Michele Rossi received the Laurea degree in Electrical Engineering (with honors) and the PhD in Information Engineering from the University of Ferrara in 2000 and 2004, respectively. From March 2000 to October 2005 he has been a Research Fellow at the Department of Engineering of the University of Ferrara. During 2003 he was on leave at the Center for Wireless Communications (CWC) at the University of California San Diego (UCSD), where he performed research on wireless sensor networks. In November 2005 he joined the Department of Information Engineering of the University of Padova, Italy, where he is an Assistant Professor. His research interests are centered around the dissemination of data in distributed ad hoc and wireless sensor networks, including integrated MAC/routing schemes, data dissemination via network coding, the application of compressive sensing techniques for the reconstruction of signals in wireless sensor networks and cooperative routing policies for ad hoc networks.

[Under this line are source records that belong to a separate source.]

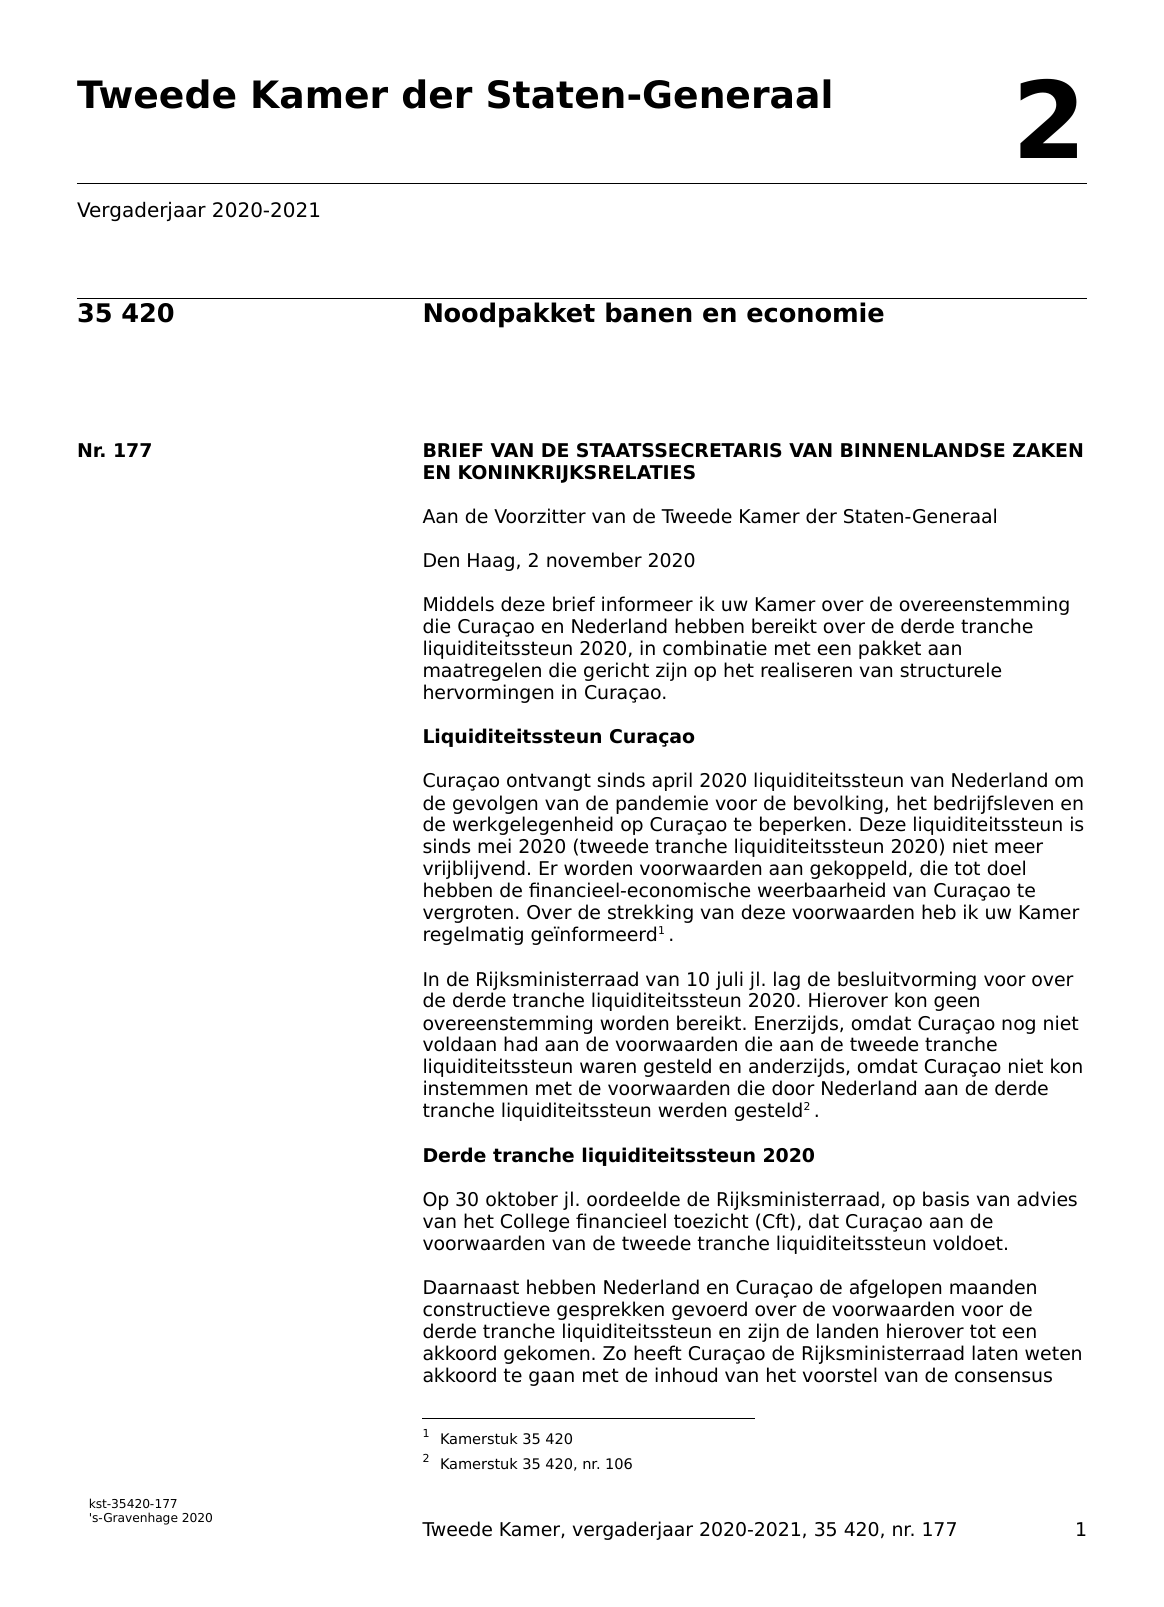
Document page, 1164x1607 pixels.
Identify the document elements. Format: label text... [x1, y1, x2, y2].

table_header 2 [886, 59, 1087, 183]
text Middels deze brief informeer ik uw Kamer over de overeenstemming die Curaçao en Nederland hebben bereikt over de derde tranche liquiditeitssteun 2020, in combinatie met een pakket aan maatregelen die gericht zijn op het realiseren van structurele hervormingen in Curaçao. [422, 594, 1087, 704]
text Kamerstuk 35 420, nr. 106 [422, 1452, 1087, 1474]
text Den Haag, 2 november 2020 [422, 550, 1087, 572]
text Curaçao ontvangt sinds april 2020 liquiditeitssteun van Nederland om de gevolgen van de pandemie voor de bevolking, het bedrijfsleven en de werkgelegenheid op Curaçao te beperken. Deze liquiditeitssteun is sinds mei 2020 (tweede tranche liquiditeitssteun 2020) niet meer vrijblijvend. Er worden voorwaarden aan gekoppeld, die tot doel hebben de financieel-economische weerbaarheid van Curaçao te vergroten. Over de strekking van deze voorwaarden heb ik uw Kamer regelmatig geïnformeerd. [422, 770, 1087, 946]
subtitle 35 420 Noodpakket banen en economie [77, 299, 1087, 329]
table_header Tweede Kamer der Staten-Generaal [77, 59, 886, 183]
text 's-Gravenhage 2020 [88, 1511, 323, 1525]
text Daarnaast hebben Nederland en Curaçao de afgelopen maanden constructieve gesprekken gevoerd over de voorwaarden voor de derde tranche liquiditeitssteun en zijn de landen hierover tot een akkoord gekomen. Zo heeft Curaçao de Rijksministerraad laten weten akkoord te gaan met de inhoud van het voorstel van de consensus [422, 1277, 1087, 1387]
table_cell Vergaderjaar 2020-2021 [77, 184, 1087, 298]
text In de Rijksministerraad van 10 juli jl. lag de besluitvorming voor over de derde tranche liquiditeitssteun 2020. Hierover kon geen overeenstemming worden bereikt. Enerzijds, omdat Curaçao nog niet voldaan had aan de voorwaarden die aan de tweede tranche liquiditeitssteun waren gesteld en anderzijds, omdat Curaçao niet kon instemmen met de voorwaarden die door Nederland aan de derde tranche liquiditeitssteun werden gesteld. [422, 968, 1087, 1122]
subtitle Nr. 177 BRIEF VAN DE STAATSSECRETARIS VAN BINNENLANDSE ZAKEN EN KONINKRIJKSRELATIES [77, 440, 1087, 484]
text kst-35420-177 [88, 1497, 323, 1511]
text Op 30 oktober jl. oordeelde de Rijksministerraad, op basis van advies van het College financieel toezicht (Cft), dat Curaçao aan de voorwaarden van de tweede tranche liquiditeitssteun voldoet. [422, 1189, 1087, 1254]
text Aan de Voorzitter van de Tweede Kamer der Staten-Generaal [422, 506, 1087, 528]
subtitle Liquiditeitssteun Curaçao [422, 726, 1087, 748]
subtitle Derde tranche liquiditeitssteun 2020 [422, 1144, 1087, 1166]
text Kamerstuk 35 420 [422, 1427, 1087, 1449]
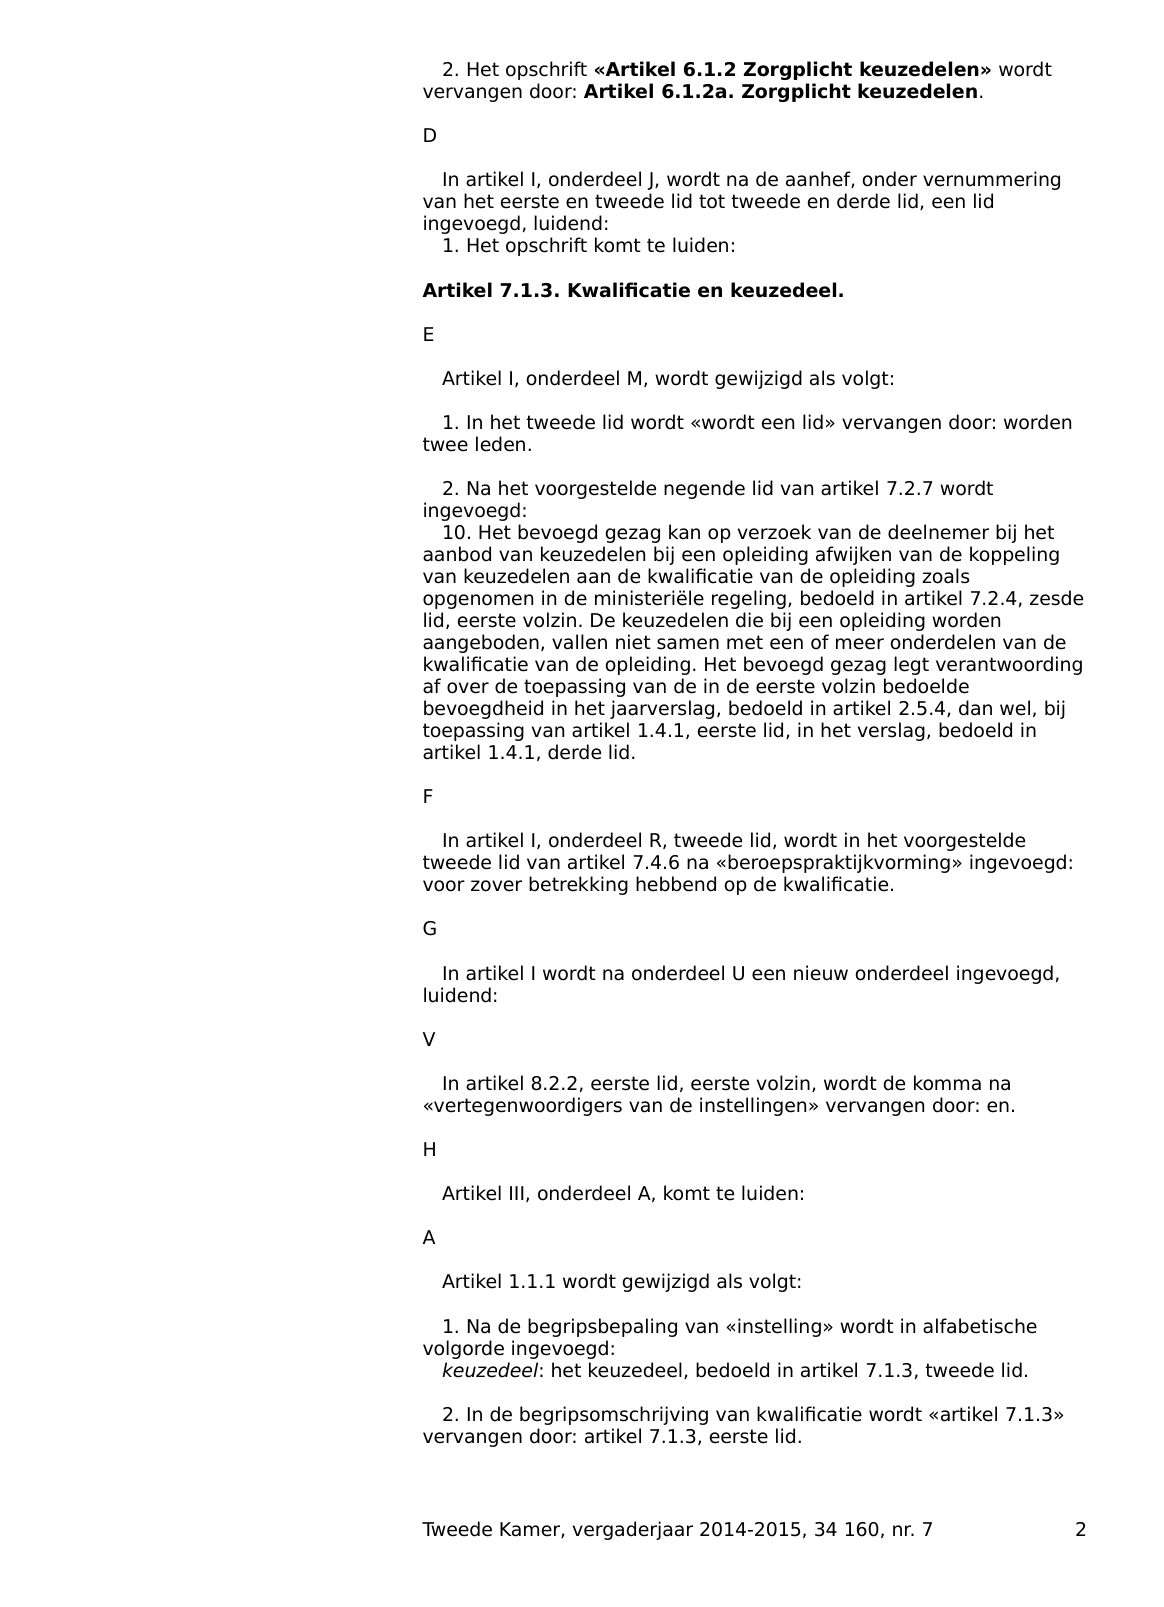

Michele Zorzi (S’89, M’95, SM’98, F’07) was born in Venice, Italy, in 1966. He received the Laurea degree and the PhD in Electrical Engineering from the University of Padova, Italy, in 1990 and 1994, respectively. During the Academic Year 1992/93, he was on leave at the University of California, San Diego (UCSD) doing research on multiple access in mobile radio networks. In 1993, he joined the faculty of the Dipartimento di Elettronica e Informazione, Politecnico di Milano, Italy. After spending three years with the Center for Wireless Communications at UCSD, in 1998 he joined the School of Engineering of the University of Ferrara, Italy, and in 2003 joined the Department of Information Engineering of the University of Padova, Italy, where he is currently a Professor. His present research interests include performance evaluation in mobile communications systems, random access in mobile radio networks, ad hoc and sensor networks, energy constrained communications protocols, and cognitive radio and networks. He was the Editor-In-Chief of the IEEE Wireless Communications Magazine from 2003 to 2005, is currently the Editor-In-Chief of the IEEE Transactions on Communications, and serves on the Editorial Boards of the the Wiley Journal of Wireless Communications and Mobile Computing and the ACM/Kluwer Journal of Wireless Networks. He was also guest editor for special issues in the IEEE Personal Communications Magazine (Energy Management in Personal Communications Systems) and the IEEE Journal on Selected Areas in Communications (Multi-media Network Radios).